Of an estimated 3,193,697 patients undergoing cholecystectomy, 98.7% underwent laparoscopic cholecystectomy and 1.3% robotic-assisted cholecystectomy. Rates of robotic-assisted cholecystectomy increased from 0.02% in 2008 to 3.2% in 2017 (nptrend < .001). Compared with laparoscopic cholecystectomy, patients undergoing robotic-assisted cholecystectomy had a greater burden of comorbidities as measured by the Elixhauser index (2.2 vs 1.9, P < .001). Although mortality rates were similar, robotic-assisted cholecystectomy was associated with greater complication rates (15.5% vs 11.7%, P < .001), most notably gastrointestinal-related complications (3.7% vs 1.5%, P < .001). On multivariable regression, robotic-assisted cholecystectomy was associated with increased costs of hospitalization (β: $2,398, P < .001).

CONCLUSION

Using the largest national database available, we found a dramatic increase in the use of robotic-assisted cholecystectomy with no difference in mortality or duration of hospital stay, but there was a statistically significant increase in complications and costs. These findings warrant further investigation.

摘要

背景

腹腔镜胆囊切除术在治疗胆石相关疾病的管理中已得到广泛应用。

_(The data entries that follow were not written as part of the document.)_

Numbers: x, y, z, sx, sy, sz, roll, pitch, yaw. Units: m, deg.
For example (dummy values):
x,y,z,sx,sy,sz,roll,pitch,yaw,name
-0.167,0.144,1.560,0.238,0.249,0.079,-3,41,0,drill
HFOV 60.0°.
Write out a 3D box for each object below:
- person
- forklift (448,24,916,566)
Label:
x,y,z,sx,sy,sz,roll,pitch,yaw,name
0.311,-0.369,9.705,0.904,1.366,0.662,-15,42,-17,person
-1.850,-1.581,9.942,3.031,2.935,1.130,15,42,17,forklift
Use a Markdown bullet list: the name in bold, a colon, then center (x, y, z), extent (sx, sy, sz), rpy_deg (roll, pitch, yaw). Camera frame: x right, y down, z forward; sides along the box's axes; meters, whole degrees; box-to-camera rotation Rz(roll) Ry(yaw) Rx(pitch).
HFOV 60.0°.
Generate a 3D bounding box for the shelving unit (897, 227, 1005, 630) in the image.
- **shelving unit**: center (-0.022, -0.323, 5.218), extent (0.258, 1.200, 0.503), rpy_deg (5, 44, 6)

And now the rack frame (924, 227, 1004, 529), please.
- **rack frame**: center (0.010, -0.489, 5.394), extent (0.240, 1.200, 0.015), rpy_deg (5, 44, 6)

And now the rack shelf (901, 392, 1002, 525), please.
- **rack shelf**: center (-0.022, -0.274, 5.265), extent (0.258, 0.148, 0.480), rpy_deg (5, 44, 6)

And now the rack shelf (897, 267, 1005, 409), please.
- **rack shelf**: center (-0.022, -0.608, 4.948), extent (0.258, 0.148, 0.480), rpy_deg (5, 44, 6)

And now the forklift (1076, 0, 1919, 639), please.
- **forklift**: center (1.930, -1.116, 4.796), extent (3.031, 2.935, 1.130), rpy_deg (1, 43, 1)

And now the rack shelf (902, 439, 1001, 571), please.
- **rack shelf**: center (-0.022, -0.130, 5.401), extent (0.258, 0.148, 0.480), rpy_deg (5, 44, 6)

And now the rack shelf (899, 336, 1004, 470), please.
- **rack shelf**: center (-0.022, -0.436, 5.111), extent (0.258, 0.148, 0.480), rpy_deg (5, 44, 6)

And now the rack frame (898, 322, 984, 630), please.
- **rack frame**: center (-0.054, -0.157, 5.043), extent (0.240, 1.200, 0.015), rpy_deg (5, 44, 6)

随着手术技术的进步,机器人辅助胆囊切除术已在许多实践中越来越多地使用,但很少有研究检查机器人辅助住院胆囊切除术的采用情况以及全国范围内的时间结果。本研究旨在确定利用情况以及与使用机器人辅助胆囊切除术相关的结果和因素。

方法

使用 2008 年至 2017 年国家住院患者样本数据库确定接受住院胆囊切除术的患者。使用多变量逻辑回归识别胆囊切除术使用机器人辅助的独立预测因素,并调整患者和医院特征。

结果

在估计有 3193697 例接受胆囊切除术的患者中,98.7%接受了腹腔镜胆囊切除术,1.3%接受了机器人辅助胆囊切除术。机器人辅助胆囊切除术的比例从 2008 年的 0.02%增加到 2017 年的 3.2%(nptrend <.001)。与腹腔镜胆囊切除术相比,接受机器人辅助胆囊切除术的患者的合并症负担更大,以 Elixhauser 指数衡量(2.2 比 1.9,P <.001)。虽然死亡率相似,但机器人辅助胆囊切除术与更高的并发症发生率相关(15.5%比 11.7%,P <.001),特别是胃肠道相关并发症(3.7%比 1.5%,P <.001)。在多变量回归中,机器人辅助胆囊切除术与住院费用增加相关(β:$2398,P <.001)。

结论

使用最大的可用国家数据库,我们发现机器人辅助胆囊切除术的使用急剧增加,死亡率或住院时间没有差异,但并发症和成本呈统计学显著增加。这些发现值得进一步调查。